6.         The jurisdiction conferred under Article 199 of the Constitution is discretionary with the objects to foster justice in aid of justice and not to perpetuate injustice[1]. It may also be observed that the ambit of a writ petition is not that of a forum of appeal, nor does it automatically become such a forum in instances where no further appeal is provided[2], and is restricted inter alia to appreciate whether any manifest illegality is apparent from the order impugned. It is also well settled that where the fora of subordinate jurisdiction had exercised its discretion in one way and that discretion had been judicially exercised on sound principles the supervisory forum would not interfere with that discretion, unless same was contrary to law or usage having the force of law.

 

7.         It is also well settled principle of law that the High Court in exercise of its constitutional jurisdiction is not supposed to interfere in the findings on the controversial question of facts, even if such findings are erroneous. The scope of the judicial review of the High Court under Article 199 of the Constitution in such cases, is limited to the extent of mis-reading or non-reading of evidence or if the findings are based on evidence which may cause miscarriage of justice but it is not proper for this Court to disturb the findings of facts through reappraisal of evidence in writ jurisdiction or exercise this jurisdiction as substitute of revision or appeal. The Supreme Court of Pakistan in the case of Farhat Jabeen v. Muhammad Safdar and others [2011 SCMR 1073] has held as under:-

"Heard. From the impugned judgment of the learned High Court, it is eminently clear that the evidence of the respondent side was only considered and was made the basis of setting aside the concurrent finding of facts recorded by the two courts of fact; whereas the evidence of the appellant was not adverted to at all, touched upon or taken into account, this is a serious illegality committed by the High Court because it is settled rule by now that interference in the findings of facts concurrently arrived at by the courts, should not be lightly made, merely for the reason that another conclusion shall be possibly drawn, on the reappraisal of the evidence; rather interference is restricted to the cases of misreading and non-reading of material evidence which has bearing on the fate of the case."

 

8.         A perusal of the order passed by the learned Rent Controller reflects that the eviction application was filed by the petitioner on the grounds of default in payment of rent and sub-letting without the consent of the landlord.

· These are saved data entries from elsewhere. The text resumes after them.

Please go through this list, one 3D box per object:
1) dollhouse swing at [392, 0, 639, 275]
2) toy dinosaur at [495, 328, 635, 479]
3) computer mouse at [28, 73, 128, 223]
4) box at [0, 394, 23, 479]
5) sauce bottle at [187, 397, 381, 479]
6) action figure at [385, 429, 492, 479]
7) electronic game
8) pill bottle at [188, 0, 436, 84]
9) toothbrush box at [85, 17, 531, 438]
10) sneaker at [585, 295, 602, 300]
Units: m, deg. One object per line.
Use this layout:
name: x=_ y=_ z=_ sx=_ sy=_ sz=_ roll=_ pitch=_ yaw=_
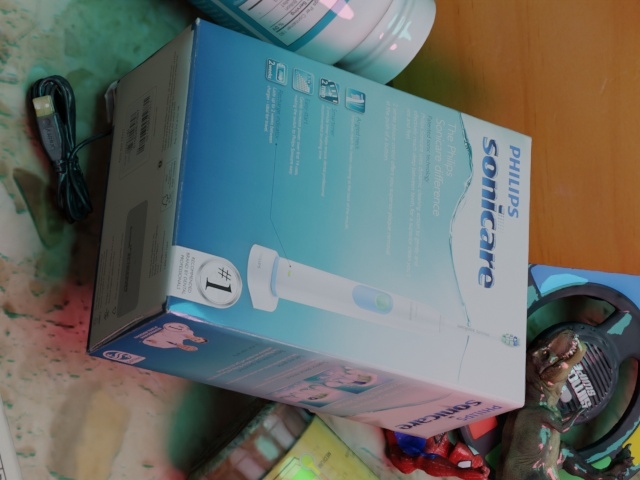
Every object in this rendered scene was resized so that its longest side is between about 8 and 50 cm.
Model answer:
dollhouse swing: x=0.231 y=-0.185 z=1.470 sx=0.315 sy=0.347 sz=0.305 roll=-40 pitch=120 yaw=-34
toy dinosaur: x=0.191 y=0.206 z=1.529 sx=0.118 sy=0.064 sz=0.268 roll=18 pitch=96 yaw=-4
computer mouse: x=-0.126 y=-0.092 z=1.363 sx=0.193 sy=0.042 sz=0.106 roll=-24 pitch=96 yaw=-32
box: x=-0.300 y=0.077 z=1.151 sx=0.149 sy=0.127 sz=0.232 roll=-17 pitch=97 yaw=-39
sauce bottle: x=0.054 y=0.261 z=1.365 sx=0.344 sy=0.111 sz=0.111 roll=44 pitch=59 yaw=-3
action figure: x=0.061 y=0.104 z=1.439 sx=0.280 sy=0.139 sz=0.091 roll=46 pitch=61 yaw=-30
electronic game: x=0.215 y=0.115 z=1.575 sx=0.229 sy=0.048 sz=0.229 roll=-4 pitch=100 yaw=-22
pill bottle: x=-0.038 y=-0.222 z=1.364 sx=0.264 sy=0.146 sz=0.146 roll=36 pitch=65 yaw=-26
toothbrush box: x=0.000 y=0.000 z=1.311 sx=0.296 sy=0.126 sz=0.216 roll=15 pitch=66 yaw=-29
sneaker: x=0.220 y=-0.043 z=1.618 sx=0.082 sy=0.069 sz=0.209 roll=-49 pitch=116 yaw=-36

Upon appraisal of the evidence led by both sides, the Rent Controller came to the conclusion that the petitioner/applicant had failed to establish the jural relationship of landlord and tenant between himself and respondent No.1. Consequently, the ejectment application was dismissed. The said findings were thereafter assailed before the appellate Court, which, upon a re-examination of the record, upheld the order of the Rent Controller by assigning detailed and cogent reasons.

 

 

9.         Prima facie, there appears no illegality and irregularity in the concurrent findings of the two Court(s) below while deciding the matter. Further, learned counsel for the petitioners has also failed to make out a case for interference into concurrent findings of two Courts below hence, constitutional jurisdiction of this Court cannot be exercised which, otherwise, is not only limited but could only be exercised in exceptional circumstances which are lacking in instant case.

 

10.       In view of the facts and circumstances of the case as discussed above, the instant petition, being devoid of merit, is dismissed in limine alongwith pending applications.                             

 

JUDGE

 

 

 

Naveed PA



[1] Muslim Commercial Bank Ltd. through Attorney v. Abdul Waheed Abro and 2 others [2015 PLC 259]

 

[2] Shajar Islam v.Muhammad Siddique  [PLD 2007 SC 45] & Arif Fareed v.Bibi Sara and others [2023 SCMR 413].